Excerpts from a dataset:
————————

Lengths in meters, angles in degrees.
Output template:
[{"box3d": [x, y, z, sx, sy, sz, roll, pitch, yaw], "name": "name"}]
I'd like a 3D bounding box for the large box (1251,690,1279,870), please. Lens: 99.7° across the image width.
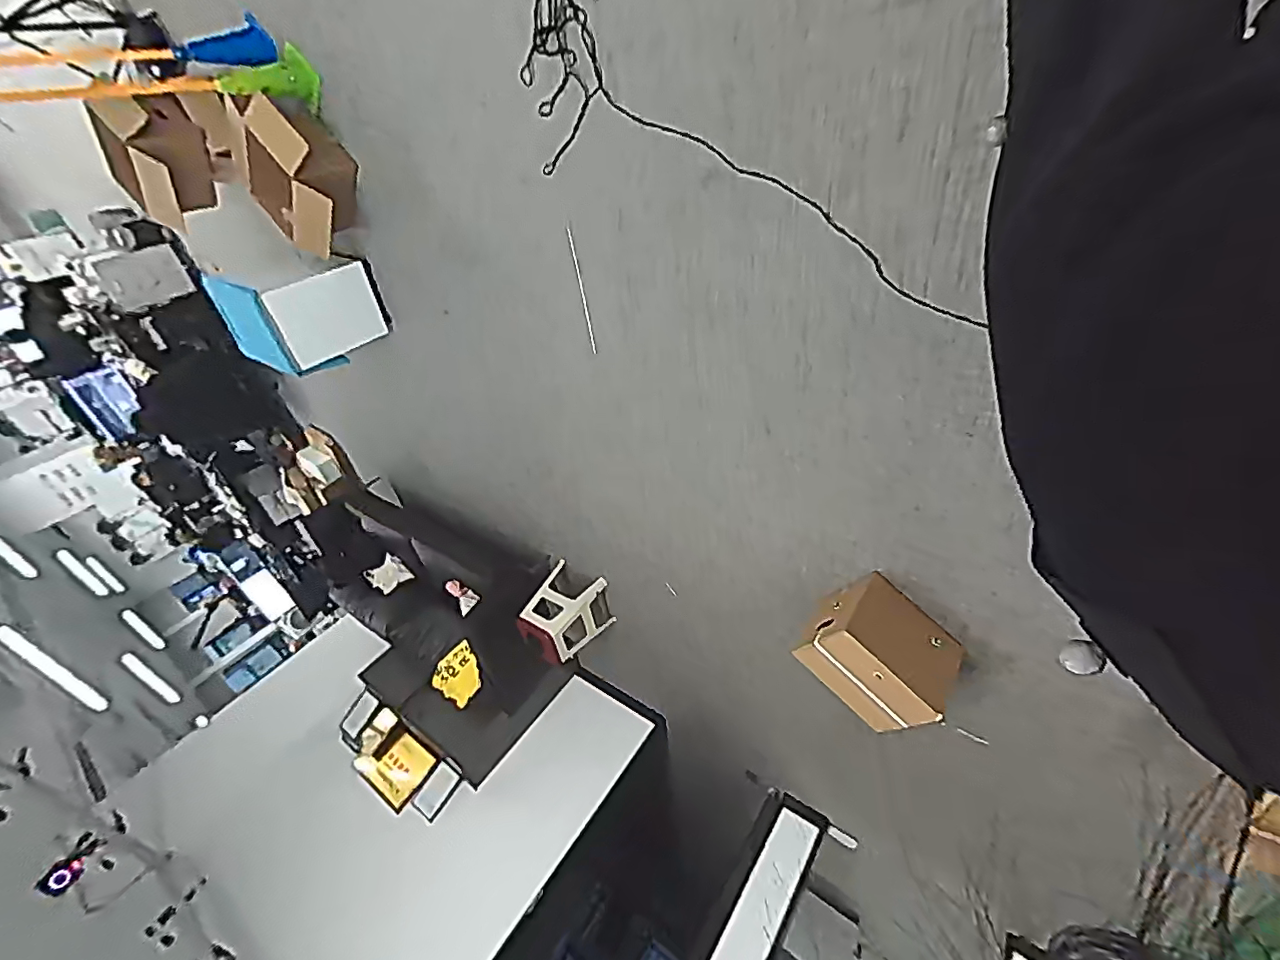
[{"box3d": [1.708, 0.743, 1.218, 0.408, 0.320, 0.320, 4, 127, 42], "name": "large box"}]
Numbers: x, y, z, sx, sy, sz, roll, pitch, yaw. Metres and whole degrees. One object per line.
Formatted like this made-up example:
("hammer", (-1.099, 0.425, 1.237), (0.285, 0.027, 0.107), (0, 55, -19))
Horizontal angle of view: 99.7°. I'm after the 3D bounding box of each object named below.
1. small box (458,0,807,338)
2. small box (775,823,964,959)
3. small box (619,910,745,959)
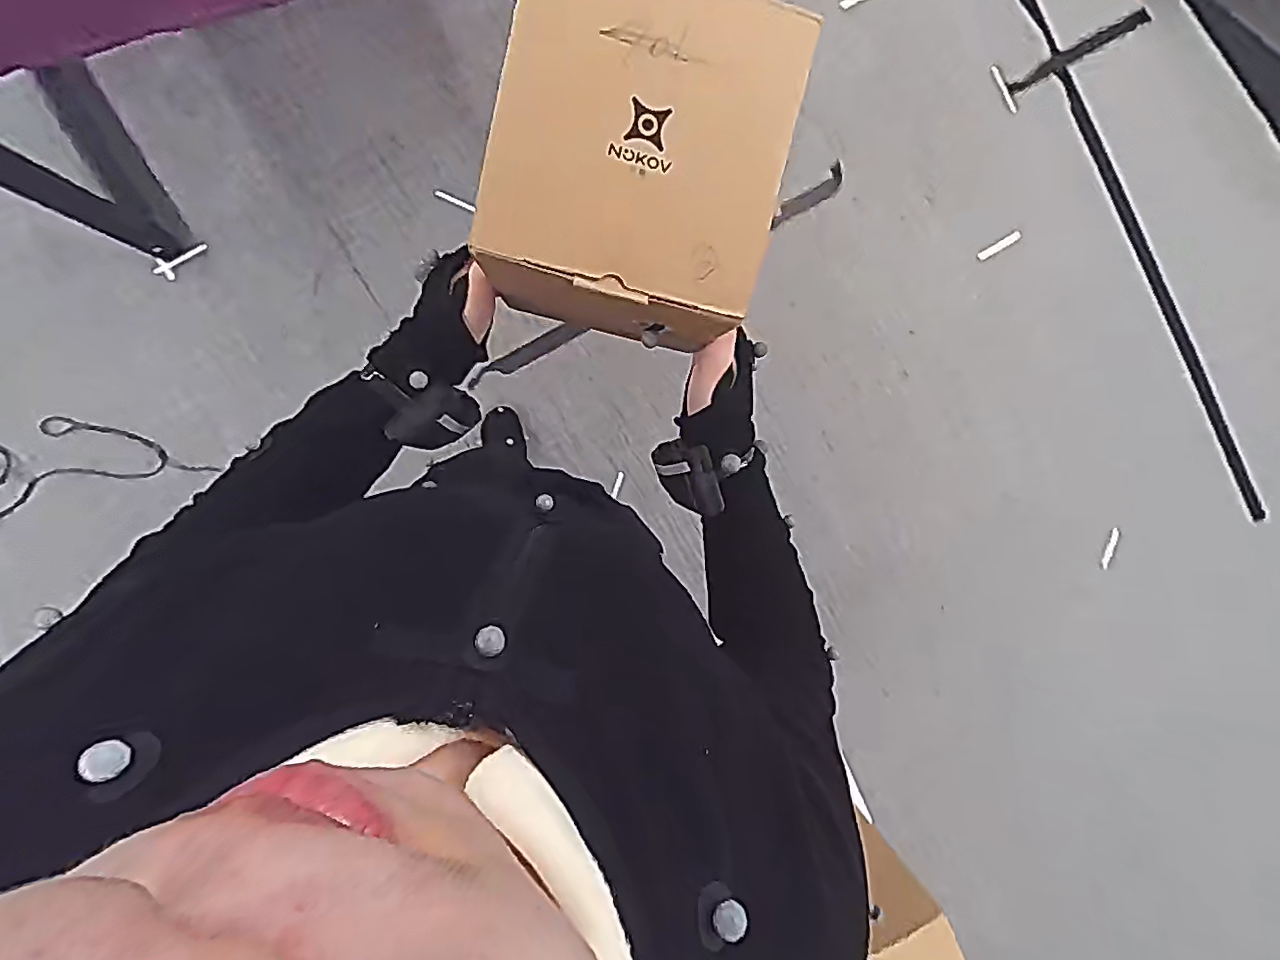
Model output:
("small box", (-0.011, -0.209, 0.379), (0.168, 0.176, 0.179), (12, 96, -8))
("small box", (0.319, 0.630, 0.753), (0.179, 0.176, 0.168), (-24, 96, -5))
("small box", (0.082, 0.739, 0.732), (0.168, 0.176, 0.179), (-26, 97, -5))
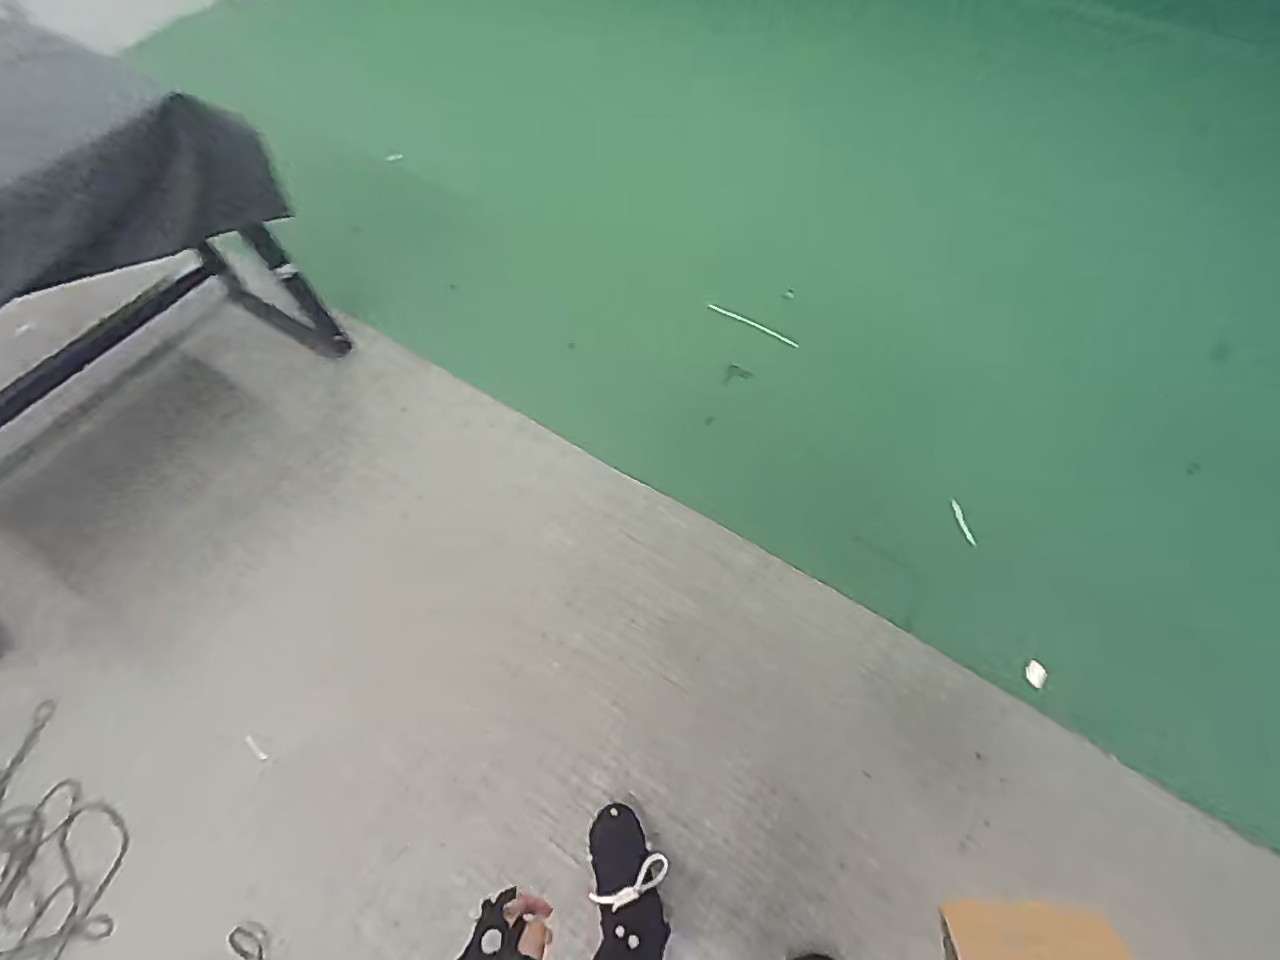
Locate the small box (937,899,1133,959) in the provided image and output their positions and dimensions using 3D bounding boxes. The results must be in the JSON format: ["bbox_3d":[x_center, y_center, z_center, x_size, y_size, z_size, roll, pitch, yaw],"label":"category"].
[{"bbox_3d":[0.418,0.571,0.540,0.168,0.179,0.176,-8,101,13],"label":"small box"}]

————————

_Task brief_
Some lines in the data above hold the string "degrees". Find and copy each of them.

_Output for this exercise_
Lengths in meters, angles in degrees.
Numbers: x, y, z, sx, sy, sz, roll, pitch, yaw. Metres and whole degrees. One object per line.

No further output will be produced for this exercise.